12:10pm Thursday 21 September 2017

Pharmacists to help smokers give up for good

 

stock smoking

The GIVE UP FOR GOOD program is the brainchild of a group of researchers led by Monash University researcher and qualified pharmacist Dr Johnson George of the Centre for Medicine Use (CMUS) and Safety. He will work with Professor Michael Abramson, Department of Epidemiology and Preventive Medicine at Monash, Dr Billie Bonevski, University of Newcastle, Professor Michael Dooley and Susan Poole, CMUS and Alfred Health, Dr Simone Taylor, Austin Health, and Gregory Weeks, Barwon Health.

Dr George said pharmacists, being medicines experts with a clear understanding of the physiological mechanisms of addiction, would be able to offer the kind of support necessary for patients who wanted to quit smoking. 

“The health benefits of quitting smoking, for people of any age, are clear and we’ve found considerable interest among in-patients with a smoking history in starting a smoking cessation program.”

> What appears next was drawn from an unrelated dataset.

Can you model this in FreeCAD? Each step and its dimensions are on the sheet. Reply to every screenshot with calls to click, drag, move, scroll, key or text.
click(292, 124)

“Research indicates that a hospital visit is an ideal time to commence a quitting program and we want to capitalise on this. Victorian hospitals are now smoke-free, but the support given to patients is often limited to the provision of nicotine replacement products, such as patches or gum. We are going to offer targeted individual programs to patients – taking into account their addiction, motivation, barriers, concerns and quitting history,” Dr George said. 

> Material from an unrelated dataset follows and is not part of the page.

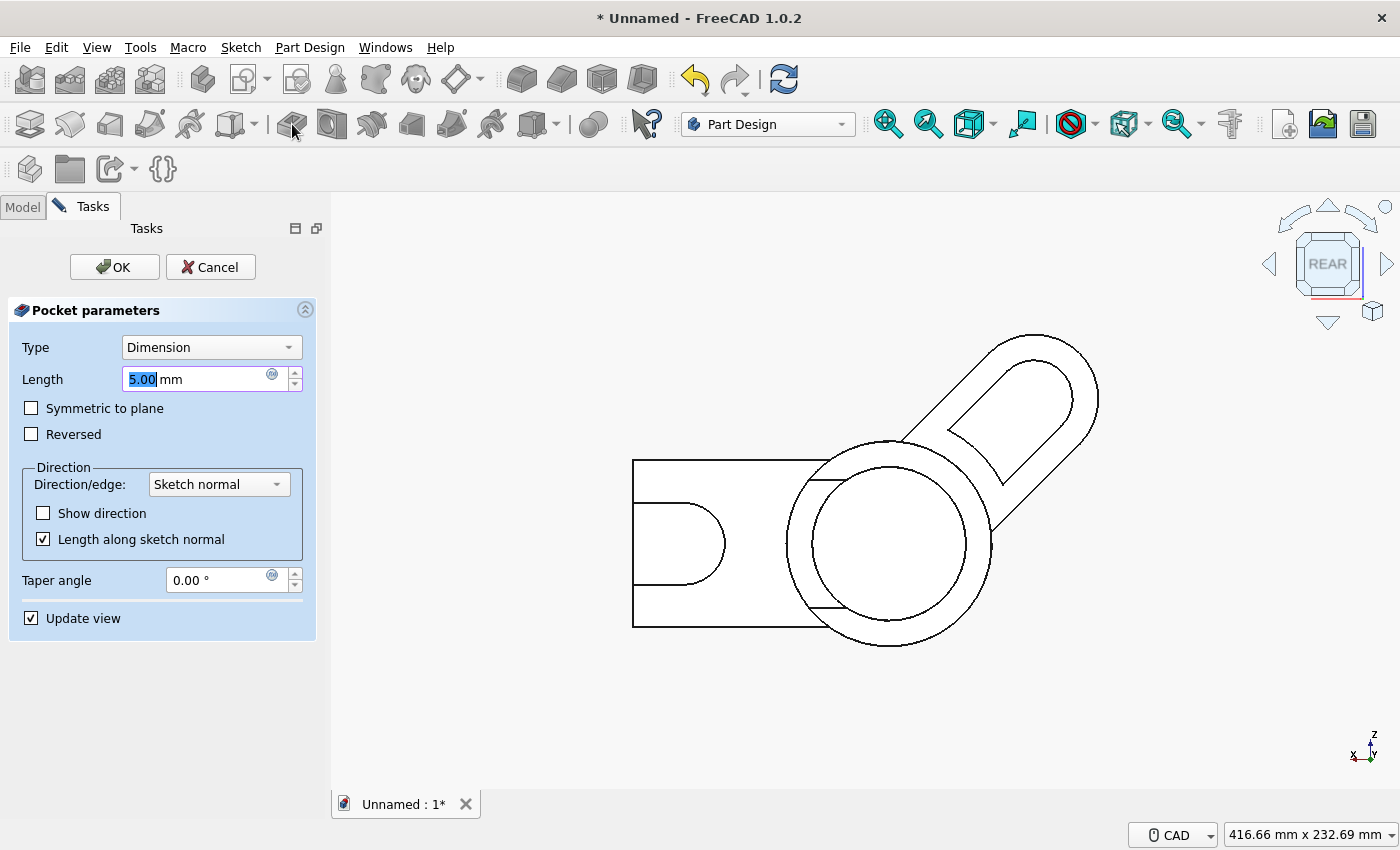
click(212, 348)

“For example, if a patient was worried about gaining weight after quitting, we would organise for them to see a dietitian or a physiotherapist. If they had a history of failing to quit using patches, we would look into alternative drugs.”

The program will not end once the patient leaves hospital with the pharmacist contacting them several times after discharge. Details of the patient’s program will be passed on to their GP and community pharmacist, who will also provide on-going support.

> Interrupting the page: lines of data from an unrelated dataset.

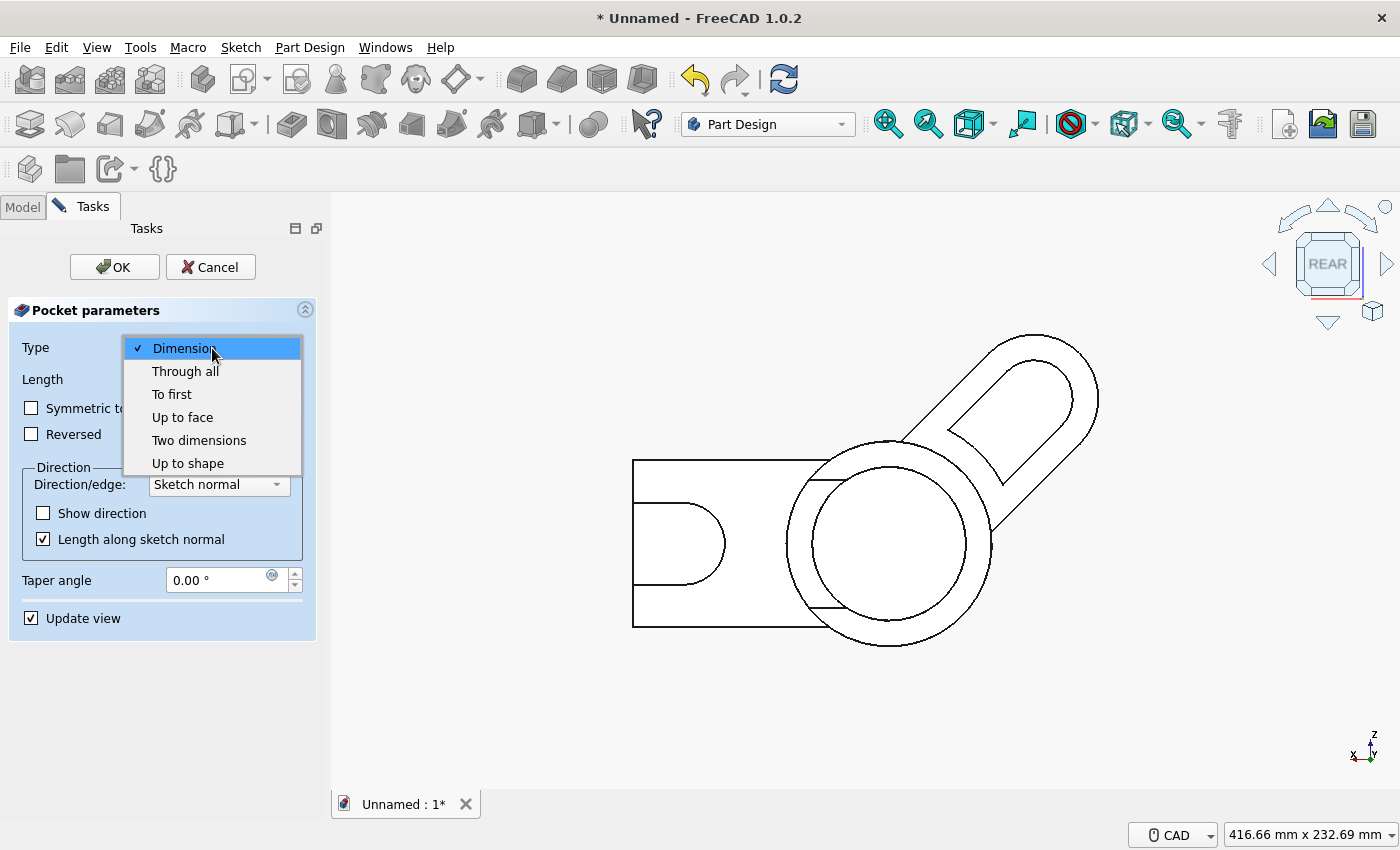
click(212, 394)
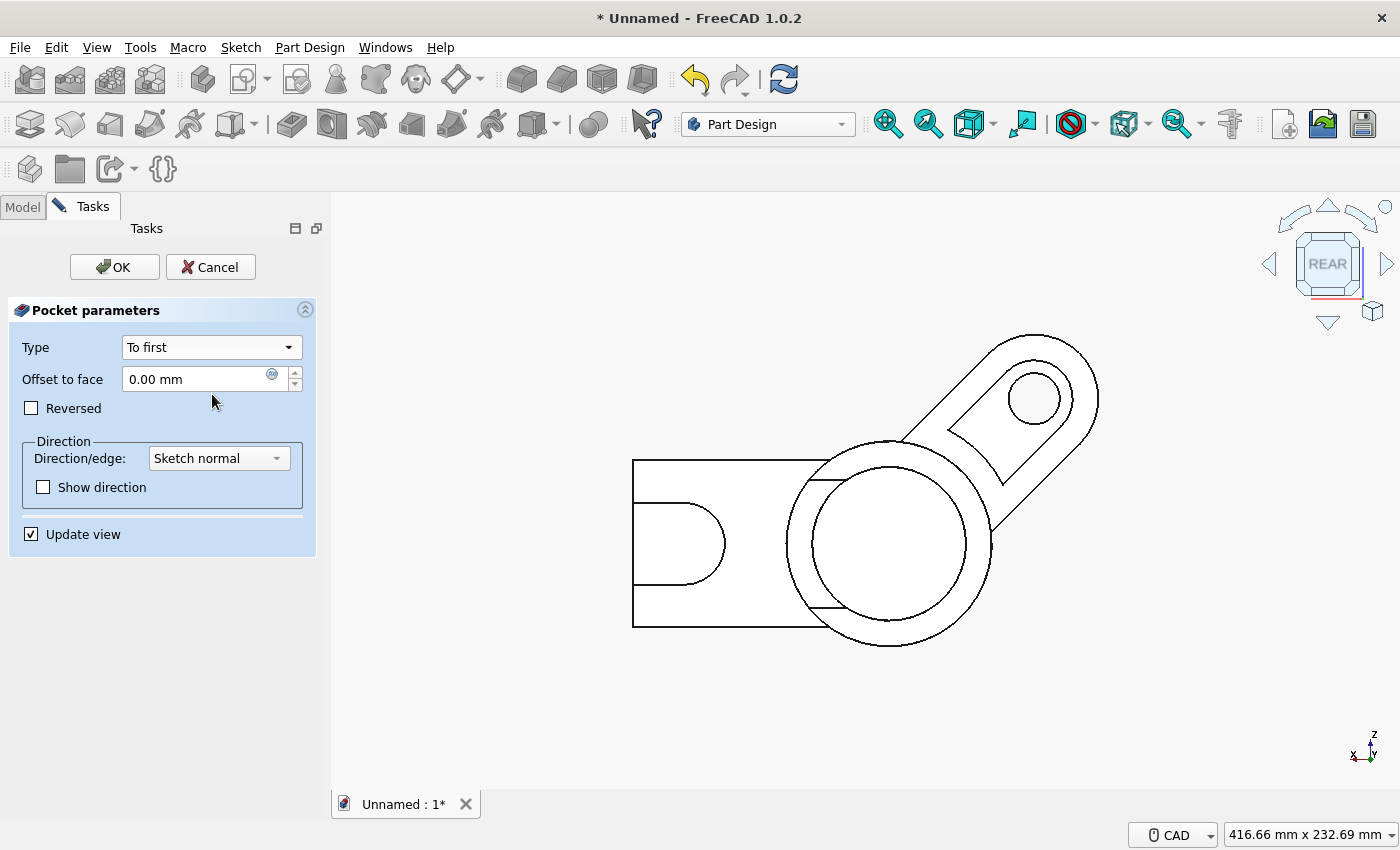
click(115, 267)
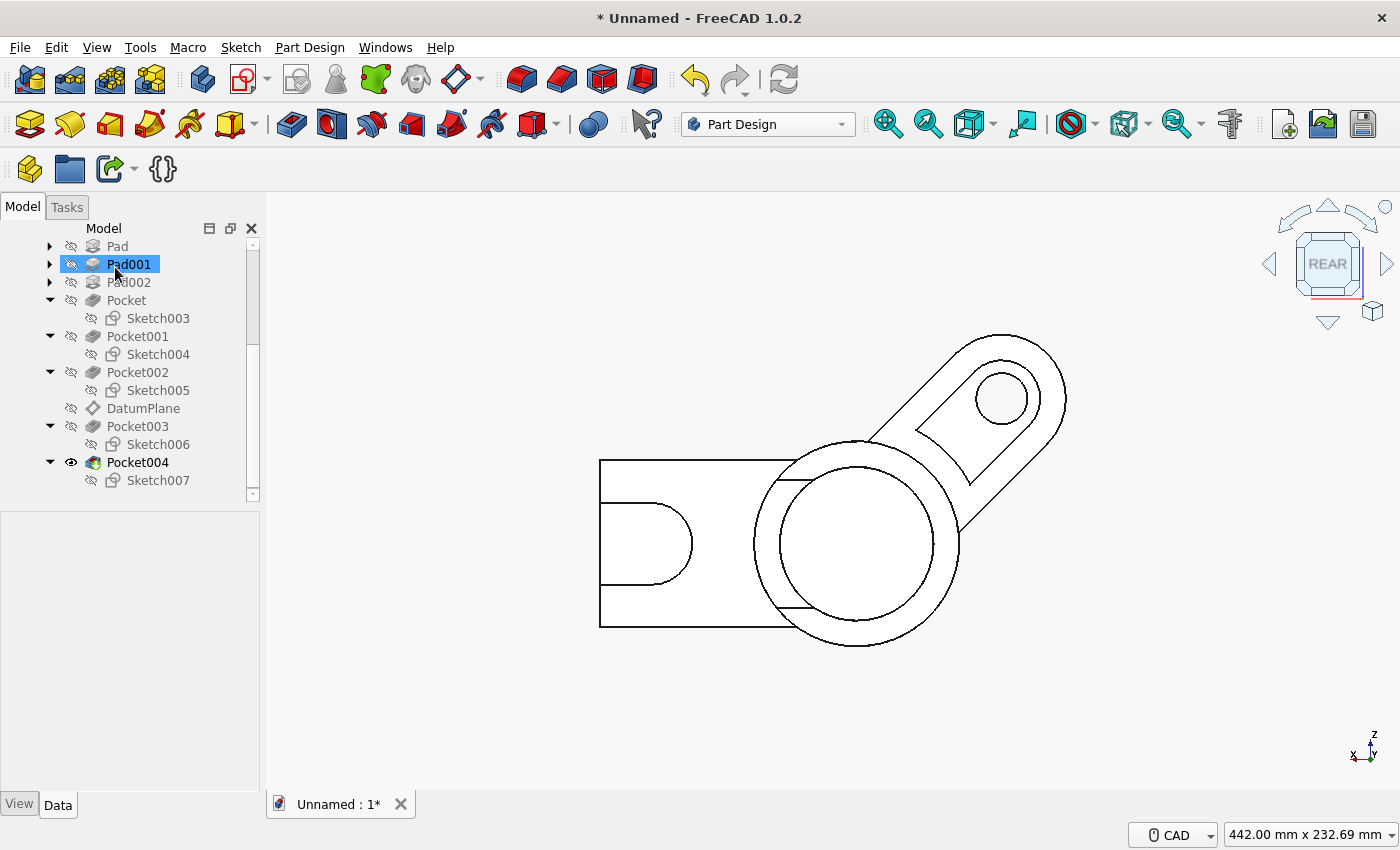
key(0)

“We’re going to assess the success of the program on discharge, and at one, six and 12 months after the patient leaves hospital.  We will verify the patients’ self reports of abstinence with biochemical tests,” Dr George said.

“If successful, this program could help solve a major problem for health professionals and policy-makers. We’re hoping it will become a routine service offered by hospitals.” 

GIVE UP FOR GOOD will be trialled at Alfred Health, Austin Health and Barwon Health in 2012 with participants recruited from patients. The project is supported by the Australian Research Council and a Pfizer industry grant.

Dr George expects to report on results in late 2013.